Clinically, the findings highlight the importance of jointly modeling patient health status (binary) and disease severity scores (continuous) to capture the correlation structure better and improve prediction. The significant association between ultrasound measurements and both outcomes supports its utility as a key non-invasive diagnostic indicator in peripheral arterial disease assessments. In addition, the best-fitted model showed that RCP and ultrasound image score had a significant effect on patients’ health status.
In this specific bite-sized AOD dataset, with distinct prior and parameterizations, HMC produced significantly higher ESS and more stable R-hat diagnostics than Metropolis-Hastings and Gibbs sampling. However, we recognize these results may depend on the specific priors and parameterizations used and may not generalize to all small-sample hierarchical structures.
From a methodological perspective, our work underscores the value of gradient-based sampling methods, especially HMC, in estimating complex hierarchical models with high-dimensional parameter spaces. These models not only yield better fit and interpretability but also provide robust uncertainty quantification, critical in medical decision-making. The main contribution of this study is the methodological application of HMC to intricate hierarchical systems, despite using a historical dataset from 1988/89. The analysis demonstrates that when properly parameterized, HMC effectively navigates the high-dimensional geometry created by hierarchical correlation structures, which often cause convergence issues in standard Gibbs sampling and Metropolis-Hasting. Specifically, by using identical link functions, standardized predictors, and distinct parameterizations (default prior distribution settings), we observed that the random slopes were estimated with high efficiency. However, these methodological strengths must be balanced against two key caveats: prior sensitivity and sample size. The posterior distributions remain sensitive to the choice of hyper-priors, particularly when historical data are high-variance. While HMC is robust, the ESS for the late-period parameters suggests that results should be viewed as a proof-of-concept for the algorithm rather than a definitive clinical profile.
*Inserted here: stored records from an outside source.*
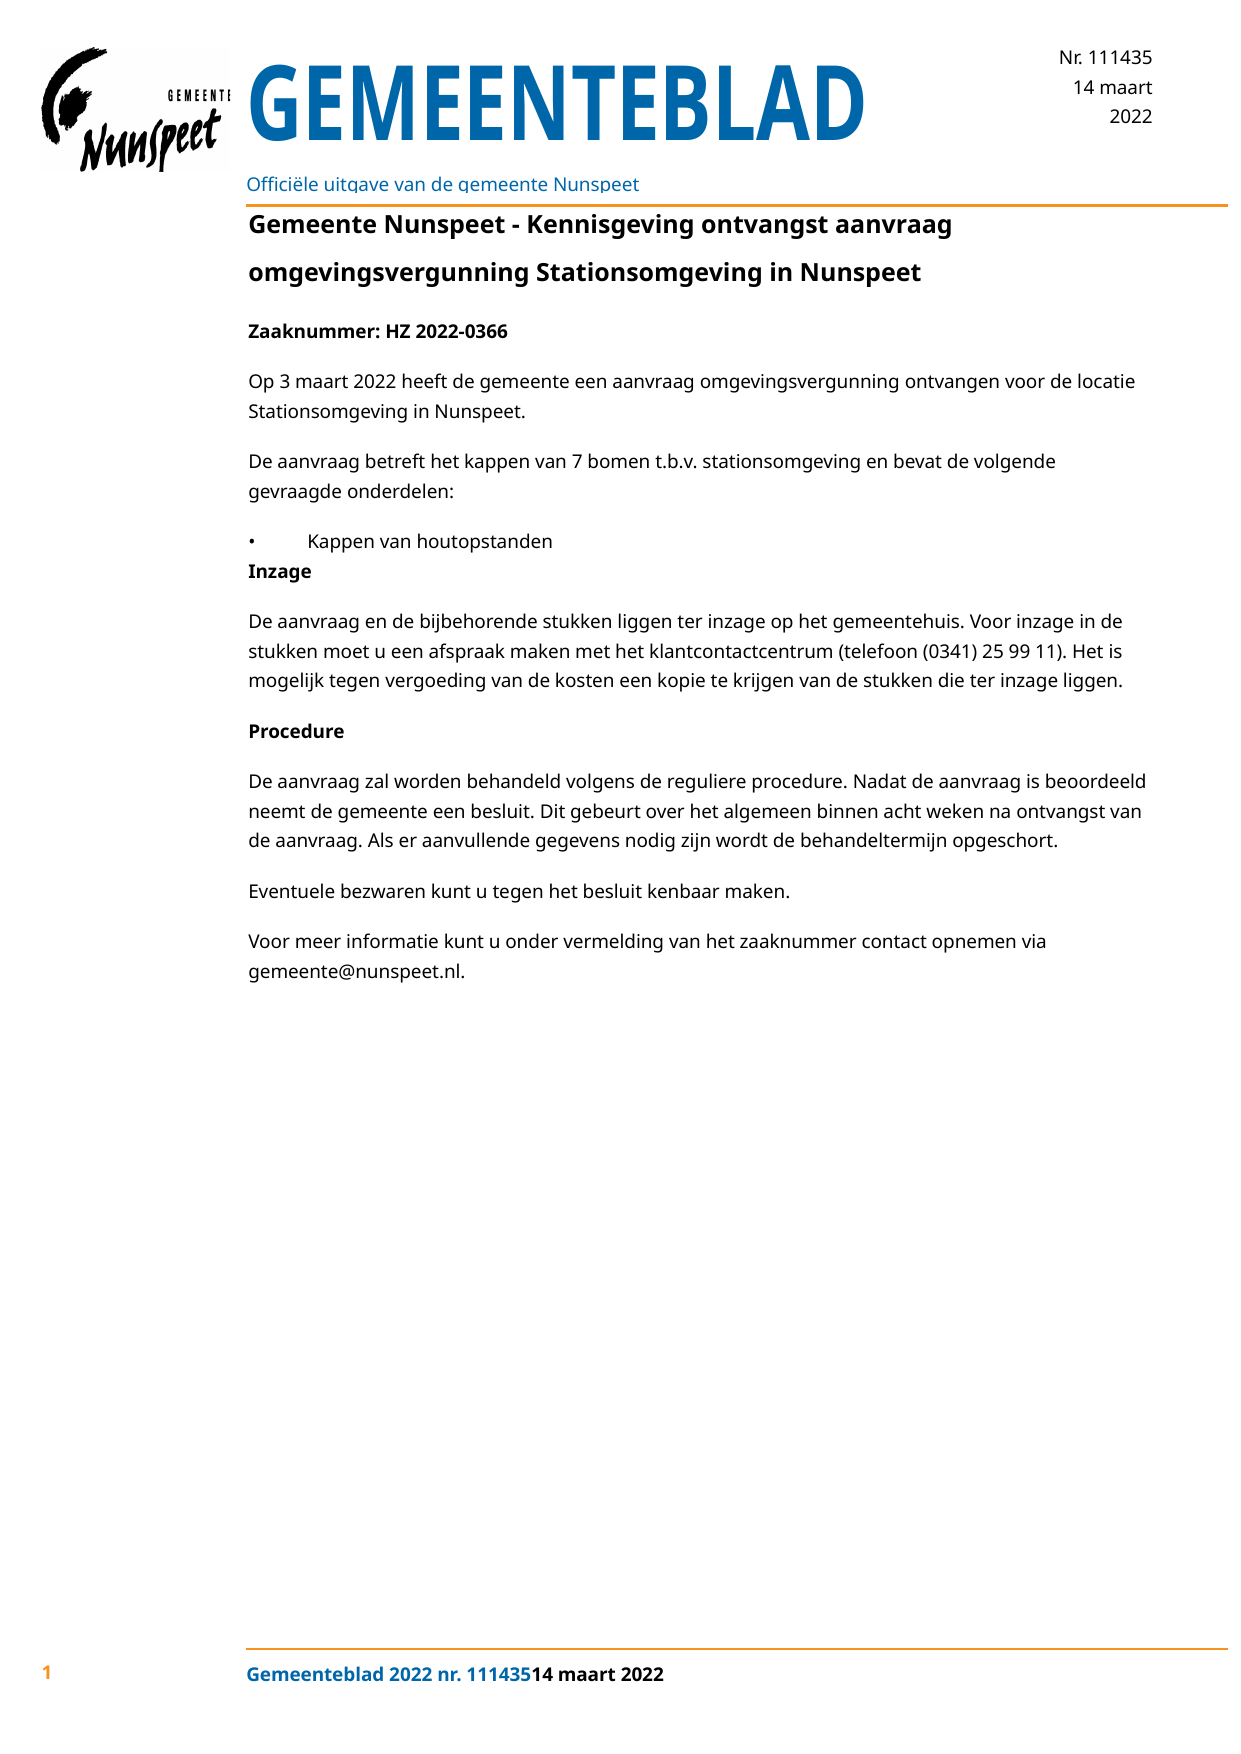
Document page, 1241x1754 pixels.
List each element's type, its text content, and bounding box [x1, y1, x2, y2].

text Procedure [248, 718, 1152, 744]
list Kappen van houtopstanden [248, 528, 1152, 554]
text Op 3 maart 2022 heeft de gemeente een aanvraag omgevingsvergunning ontvangen voor de locatie Stationsomgeving in Nunspeet. [248, 368, 1152, 424]
text Inzage [248, 558, 1152, 584]
picture [41, 47, 231, 172]
text De aanvraag zal worden behandeld volgens de reguliere procedure. Nadat de aanvraag is beoordeeld neemt de gemeente een besluit. Dit gebeurt over het algemeen binnen acht weken na ontvangst van de aanvraag. Als er aanvullende gegevens nodig zijn wordt de behandeltermijn opgeschort. [248, 768, 1152, 853]
text Eventuele bezwaren kunt u tegen het besluit kenbaar maken. [248, 878, 1152, 904]
text Zaaknummer: HZ 2022-0366 [248, 318, 1152, 344]
text Voor meer informatie kunt u onder vermelding van het zaaknummer contact opnemen via gemeente@nunspeet.nl. [248, 928, 1152, 984]
text De aanvraag betreft het kappen van 7 bomen t.b.v. stationsomgeving en bevat de volgende gevraagde onderdelen: [248, 448, 1152, 504]
text De aanvraag en de bijbehorende stukken liggen ter inzage op het gemeentehuis. Voor inzage in de stukken moet u een afspraak maken met het klantcontactcentrum (telefoon (0341) 25 99 11). Het is mogelijk tegen vergoeding van de kosten een kopie te krijgen van de stukken die ter inzage liggen. [248, 608, 1152, 693]
text Gemeente Nunspeet - Kennisgeving ontvangst aanvraag omgevingsvergunning Stationsomgeving in Nunspeet [248, 207, 1152, 288]
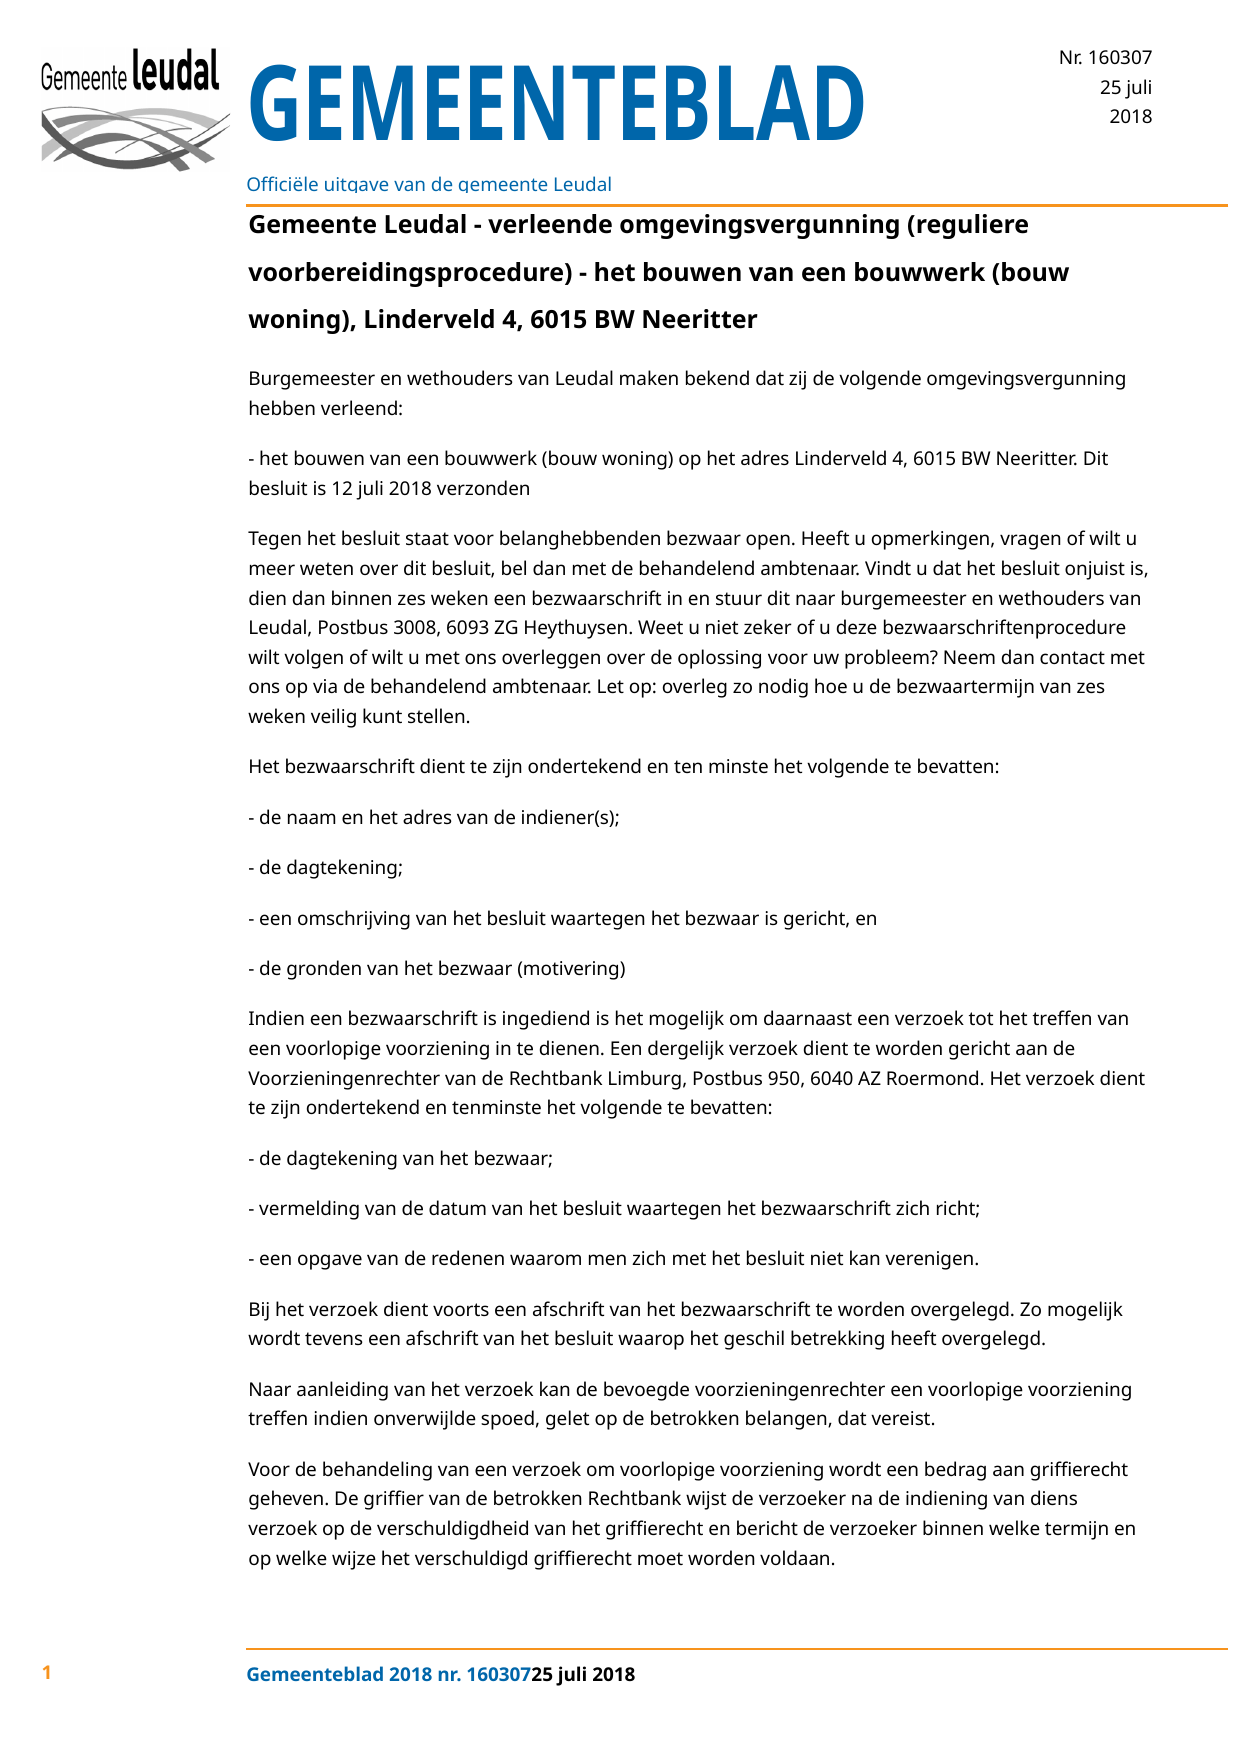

Future research should focus on applying this HMC framework to contemporary longitudinal datasets to validate these methodological lessons in a modern clinical context, and explore integrating more flexible priors (e.g., shrinkage or nonparametric priors), including time-varying covariates, and comparing with frequentist multilevel approaches. Moreover, extending this modeling framework to larger sizes and more recent clinical datasets can enhance its generalizability and translational potential in cardiovascular research.
5. Appendix
5.1. Posterior estimates (mean and median) and sensitivity analysis results
The choice of a prior depends on the data structure and software packages [57]. In R2MLwiN, we used the non-informative flat prior for the average fixed-effect parameter, and the scaled inverse Wishart (IW) distribution was recommended for the random-effect variance–covariance matrices [58]. Priors beyond the informative and default were preferred for scale parameters [11].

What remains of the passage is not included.